Online Friendships and Safety for Children in Japan

A complete guide to online friendships and internet safety for children in Japan. Learn about Japanese platforms, legal protections, school guidelines, and how to keep your child safe online as a foreign family in Japan.
Online Friendships and Safety for Children in Japan
The internet has transformed childhood in Japan — and around the world. For foreign families raising children in Japan, understanding how Japanese children navigate online friendships, what risks exist, and how to keep your child safe online is essential knowledge. Japan has a unique digital culture, strong legal protections, and specific platforms that dominate youth interactions. This guide covers everything you need to know to help your child build healthy online friendships while staying safe in Japan's digital environment.
How Common Are Online Friendships Among Japanese Children?
Online friendships are increasingly common among Japanese children. A 2025 survey by Nifty Kids of over 1,600 elementary and junior high school students found that over 70% of Japanese children have at least one online friend — a figure that continues to grow year over year.

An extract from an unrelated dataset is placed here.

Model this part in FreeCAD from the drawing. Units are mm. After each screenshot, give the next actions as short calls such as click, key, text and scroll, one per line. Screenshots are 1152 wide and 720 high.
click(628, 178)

What is particularly striking is how freely children share personal information with people they meet online. According to the same survey:
- 87.6% shared their age with online friends
- 81.4% shared their gender
- 71.9% shared their birthday
- 44.1% disclosed their general living area
- 38.9% shared their first name
Despite these close-seeming online bonds, nearly 90% of children said they had never met their online friend in person, and most expressed reluctance or even fear about doing so — suggesting that many children have an intuitive sense that online and offline relationships are fundamentally different.

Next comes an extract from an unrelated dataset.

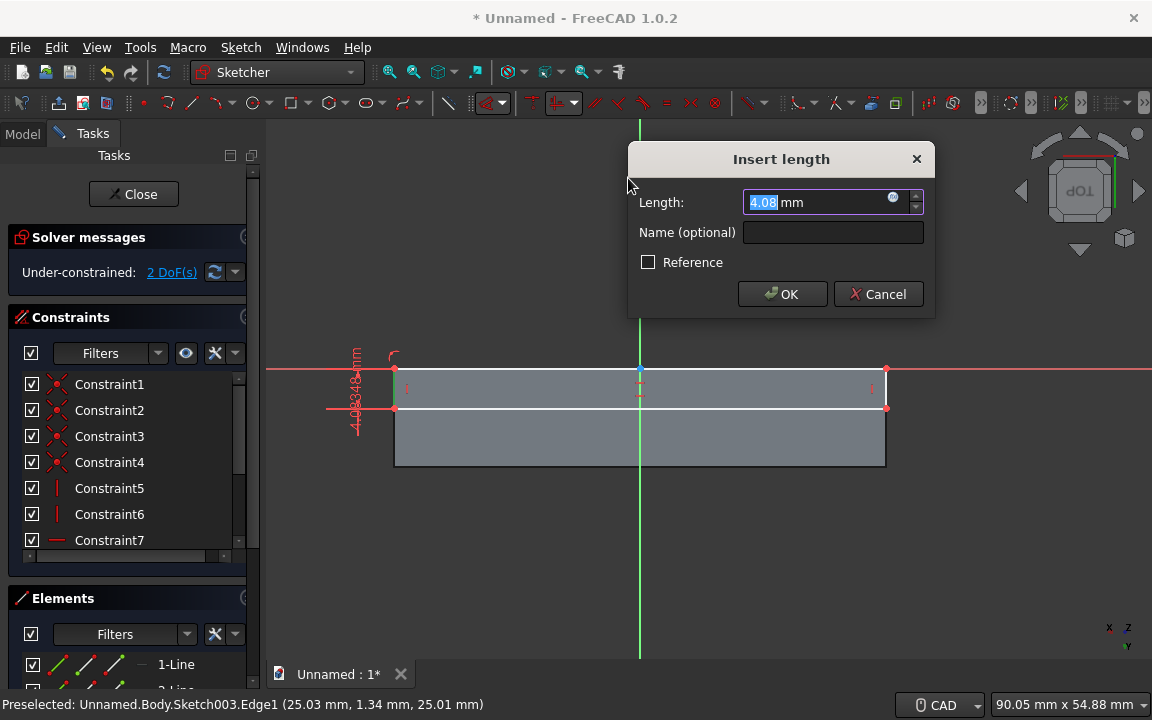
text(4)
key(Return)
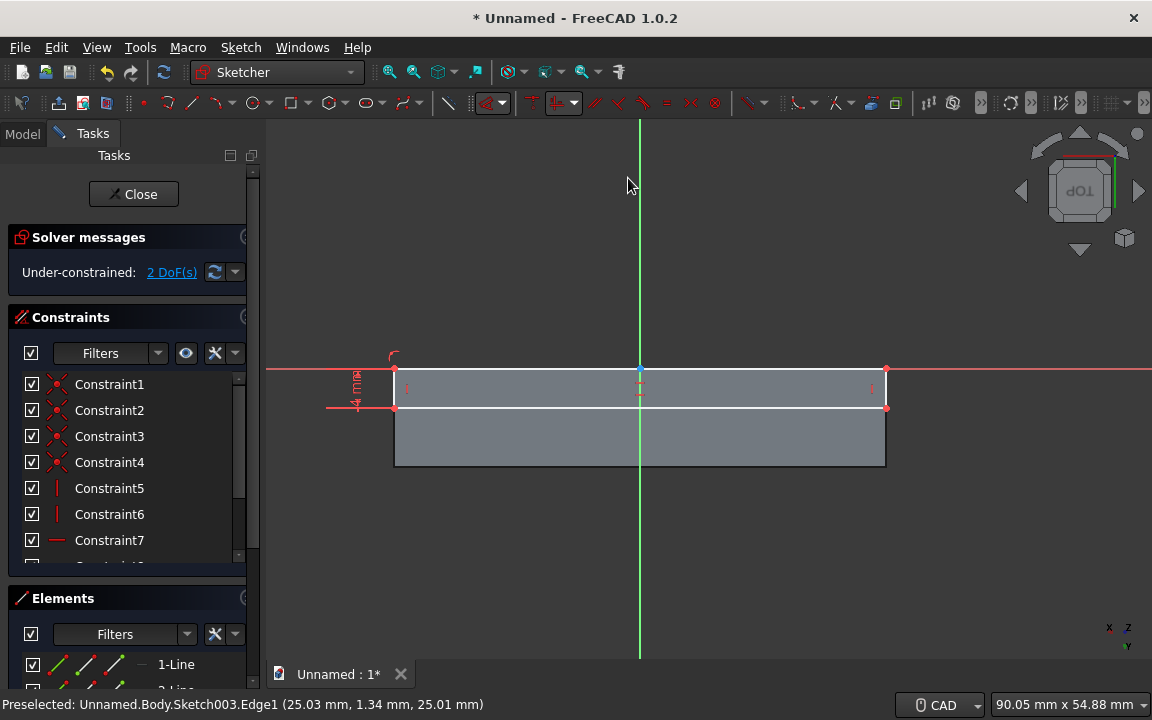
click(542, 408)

For foreign children in Japan, online friendships can be a lifeline. Making friends in a new country and language is challenging. Online spaces — especially games and fandom communities — often connect children across language barriers and social boundaries more easily than school environments. Understanding this reality helps parents support their children's social lives without dismissing the value of their digital connections.
The Digital Landscape: How Children in Japan Use the Internet
Japan has one of the highest youth internet penetration rates in the world. According to government data:
- 98.7% of Japanese minors aged 10–17 use the internet
- 83.2% use smartphones as their primary device
- Children aged 10–17 average 4 hours 57 minutes online per weekday
- High school students average an extraordinary 6 hours 14 minutes per day — over a quarter of their waking hours
The platforms most popular among Japanese children and teens (ages 10–19) are:
| Platform | Usage Rate (Ages 10–19) |
|---|---|
| LINE | 95.0% |
| YouTube | 94.3% |
| 72.9% | |
| TikTok | 70.0% |
| X (Twitter) | 65.7% |
| Discord | ~35% (gaming communities) |
LINE is by far the dominant communication platform in Japan. Unlike in many Western countries where WhatsApp or iMessage predominate, LINE is used by virtually all Japanese children and adults. For foreign families, this means your child will almost certainly need a LINE account to socialize with Japanese peers. Understanding LINE's features — group chats, sticker sharing, timeline posts — and its privacy settings is a key part of Japan-specific online safety.
For a broader look at how digital life fits into childhood in Japan, see our guide to Digital Life, Screen Time, and Online Safety for Children in Japan.
Online Safety Risks Specific to Japan
While Japan is considered relatively safe in global comparisons — only 24% of Japanese children aged 8–12 are exposed to cyber risks, compared to a global average of around 60% — risks still exist and are growing.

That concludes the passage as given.